**Exercise goal**
Every line from the one containing "A 3D bounding" to the end of the records below, written out word for word, is the whole answer.

--- Source material Enclosed Below ---

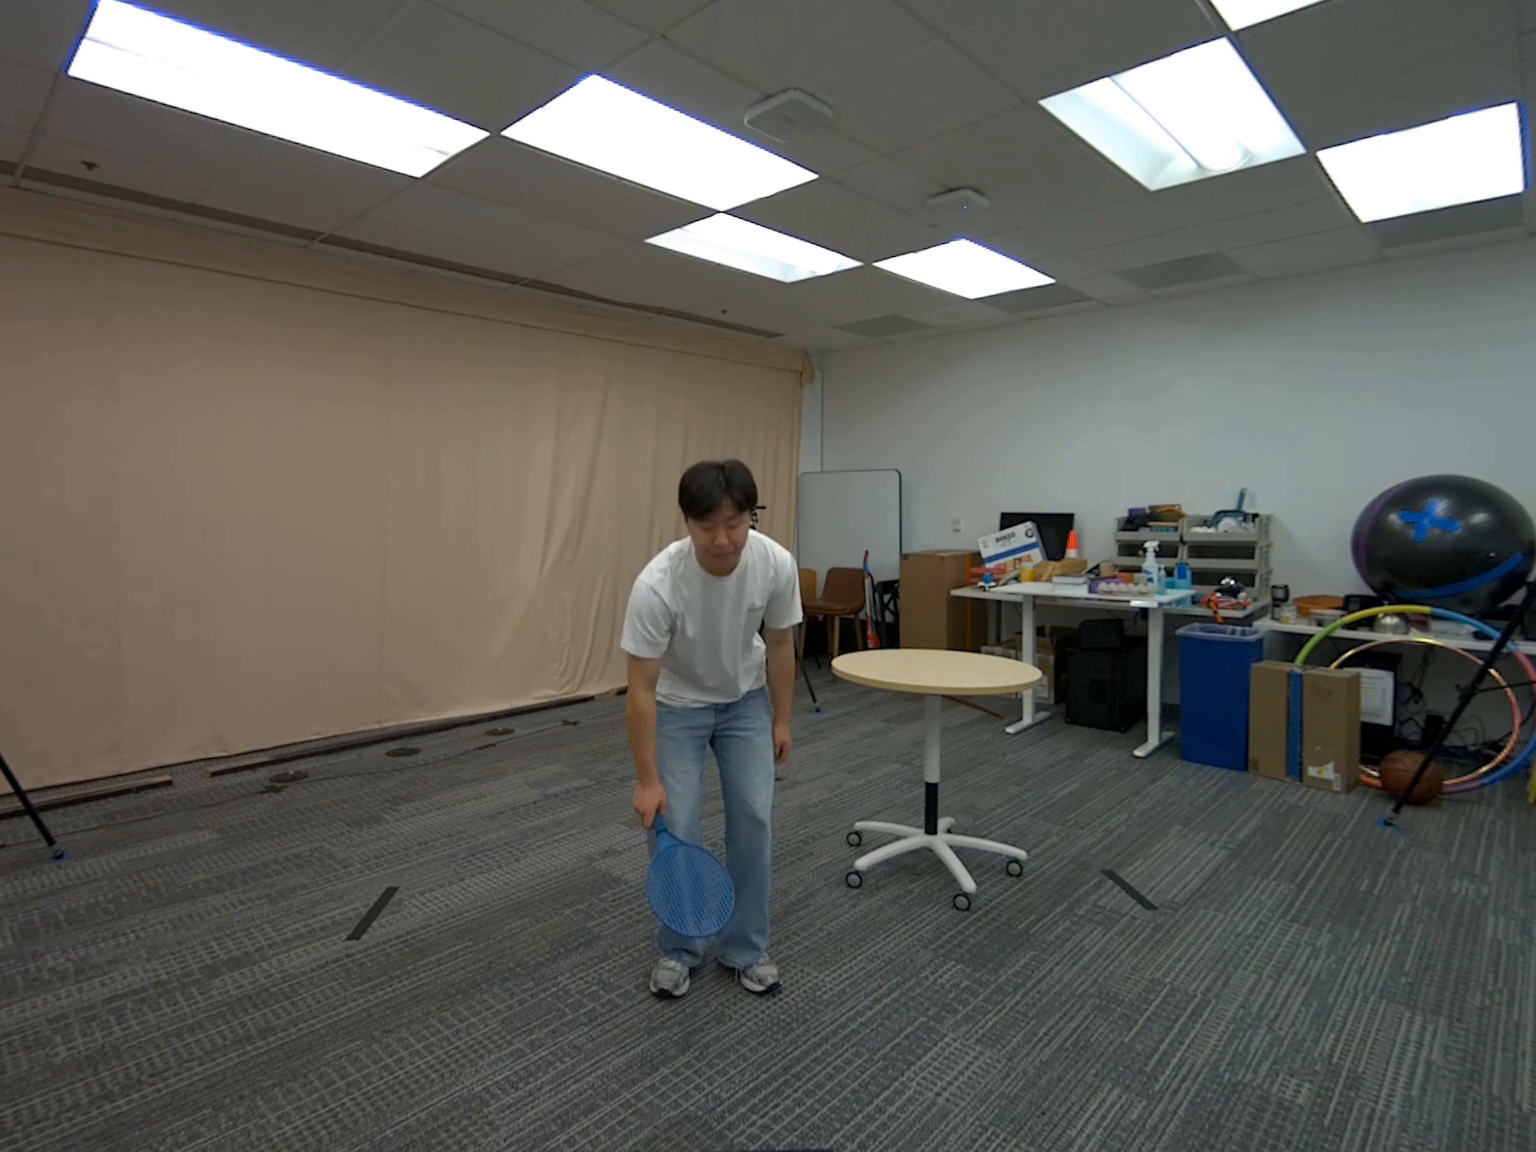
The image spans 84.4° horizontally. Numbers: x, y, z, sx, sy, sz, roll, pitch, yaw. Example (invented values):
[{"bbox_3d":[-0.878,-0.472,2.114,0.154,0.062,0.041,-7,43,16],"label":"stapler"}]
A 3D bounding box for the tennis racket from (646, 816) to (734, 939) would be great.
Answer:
[{"bbox_3d":[-0.214,0.757,2.188,0.209,0.031,0.448,-17,42,-28],"label":"tennis racket"}]

--- End of Enclosed Source material ---

**Task result**
A 3D bounding box for the tennis racket from (646, 816) to (734, 939) would be great.
Answer:
[{"bbox_3d":[-0.214,0.757,2.188,0.209,0.031,0.448,-17,42,-28],"label":"tennis racket"}]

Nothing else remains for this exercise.